Let’s briefly refocus on the present state of where are we today. Where is most of the energy in informatics and data integration going?
It’s not yet at the quantified-self level. Today, the most active areas for integrating new data sources involve automatically pulling data from clinical systems.
The most common and important example is EHR systems, electronic health record systems. Many of us working on obtaining problem sets, diagnoses, medications, etcetera, get our data from EHRs, as well as other systems like laboratory information systems, various departmental systems like PACS, and sometimes genetic testing and other omics-type systems.
But what’s missing from this picture?
As we already mentioned, clinical systems really don’t contain all the data that we need to discover how healthcare is affecting patients. Why?
Let’s use a quick anecdotal example to illustrate why this is the case.
David had his regular physical last month.
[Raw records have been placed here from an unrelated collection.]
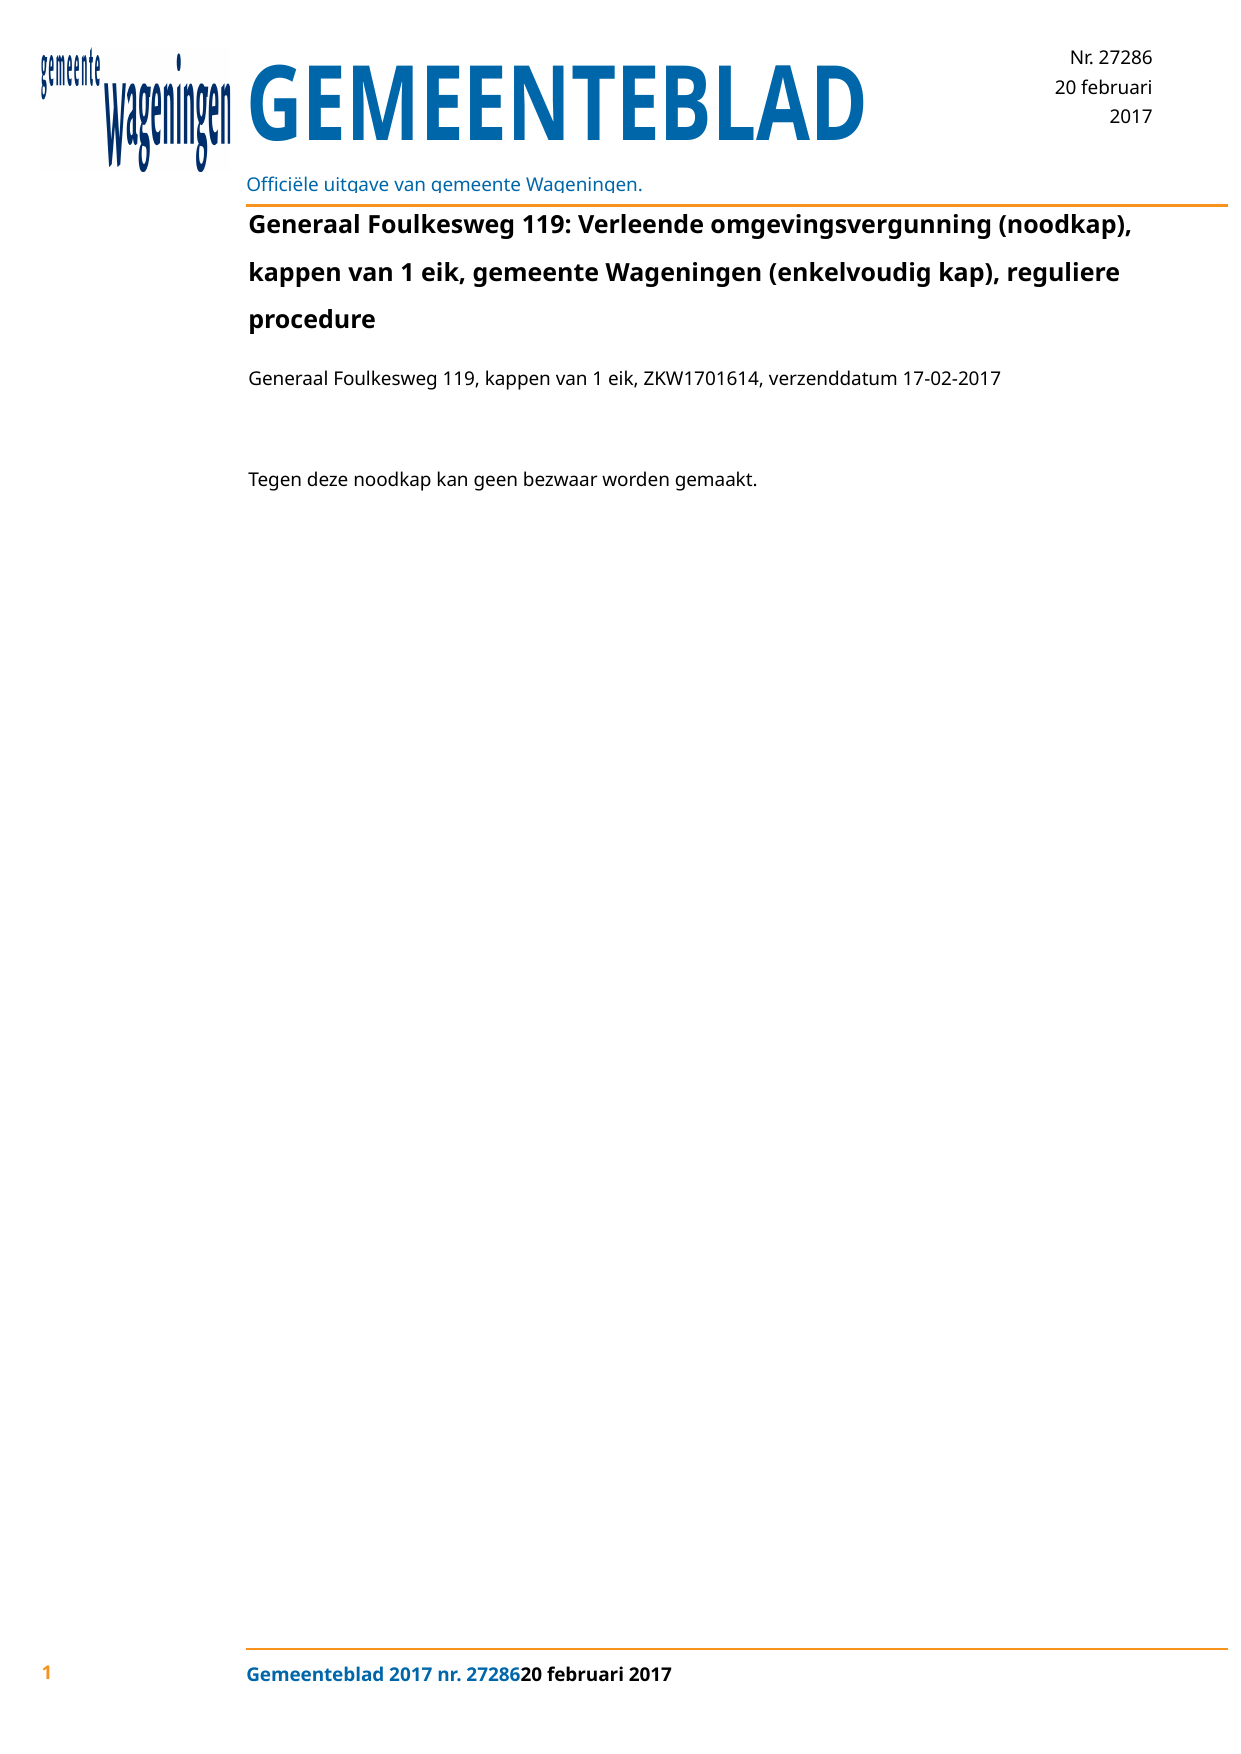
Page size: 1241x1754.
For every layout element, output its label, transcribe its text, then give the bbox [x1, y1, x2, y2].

picture [41, 47, 231, 172]
text Generaal Foulkesweg 119: Verleende omgevingsvergunning (noodkap), kappen van 1 eik, gemeente Wageningen (enkelvoudig kap), reguliere procedure [248, 207, 1152, 336]
text Tegen deze noodkap kan geen bezwaar worden gemaakt. [248, 466, 1152, 492]
text Generaal Foulkesweg 119, kappen van 1 eik, ZKW1701614, verzenddatum 17-02-2017 [248, 366, 1152, 391]

He is a reasonably healthy, 49-year-old non-smoking male. He went to the doctor because his insurance company forced him to go. They sent him a series of letters gently reminding him that he had not gone for over two years and threatened to raise his rates if he refused a checkup.
Note: This example demonstrates a success in quality improvement process measurement.
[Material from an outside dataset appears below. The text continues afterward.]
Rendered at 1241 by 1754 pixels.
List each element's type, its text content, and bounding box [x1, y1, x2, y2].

David’s insurance company had enough information about him to say, “Wow, this guy hasn’t been having his biannual physical in approximately two years. We really need to prod him to go because clearly, he does not have sufficient organizational skills to do this on his own.”
So, David went to his physical. He spent between 30 minutes and an hour with a very competent clinical staff. They were great. They asked him all the right questions. He provided his healthcare history. They updated his medical chart in real time with his answers. Done. David then left and went home.
What about the other 17,520 hours of David’s life over the last two years? What happened during that time was only indirectly referenced by the story that he told to his clinical care team and that was recorded to some extent in his medical chart.
The real answer to what happened is between David and his diary. But nowadays the less old-fashioned answer is that it’s between the patient and their smartphone or the patient and his/her Fitbit.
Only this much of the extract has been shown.